How much of your traffic comes from Google every month? How much of your revenue What would happen if Google vanished or got cut in half? I’m not convinced that will happen. I’m also not convinced that it couldn’t happen. Plenty of huge companies have stumbled or failed in the past. Why not Google? More importantly, what would you do about it?

Happily, Big Tech has given us some of the answers that we should be looking at in their earnings calls. And the first of these is Customer Focus. Notice that the companies who I seem to think have their act together have incredible focus on their customers. Microsoft on the enterprise and developers and the users of their software tools.

Facebook on the users of its social platforms. Amazon on its merchants and the shoppers using it. Microsoft Google? Maybe, but they’re sure not talking about it. I also think it’s an important point. I don’t want to ignore the comments that several of the big tech folks talked about customers being more price conscious.

Now’s the time to pay attention to that. It doesn’t mean you should cut your prices. You do, however, have to demonstrate great value to your customers. Think about the lost art of value ads that I’ve talked about in a past show, and will link to in the show notes, in terms of how you make it clearer to customers that are getting good value for their money.

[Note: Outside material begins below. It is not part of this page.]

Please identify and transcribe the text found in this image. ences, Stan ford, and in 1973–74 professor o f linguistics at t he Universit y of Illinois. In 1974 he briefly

The other reason you want to focus on customers is note all of Big Tech’s attention to ads in these calls. Yeah, they’re all talking to Wall Street analysts, and of course they have to talk about how they get paid. They’re also acknowledging that they’re raising the tolls that you will pay to reach your customers.

You’re going to pay increasingly frequently and increasingly expensive tolls. And they’re kind of telling you, you need to build direct relationships with your customers. You have to have a plan for how to do that now. That’s one of the biggest reasons it’s important to focus on great content and a great customer experience.

You’ve undoubtedly heard me say many times that content is king and customer experience is queen. It’s also true that your content, even more than your website or your app or your emails, represent your 24x7x365 salesperson and your 24x7x365 customer service rep. That content powers your website. It powers your email.

It powers your app, and it powers your social media presence. I talked a lot about this last week, about discussing whether you still need a website. I’ll link to that in the show notes so you can check it out as well. When you think about content, notice all the talk from Google about YouTube, and from Amazon with its Prime shows, and Facebook with Reels, and Microsoft with gaming.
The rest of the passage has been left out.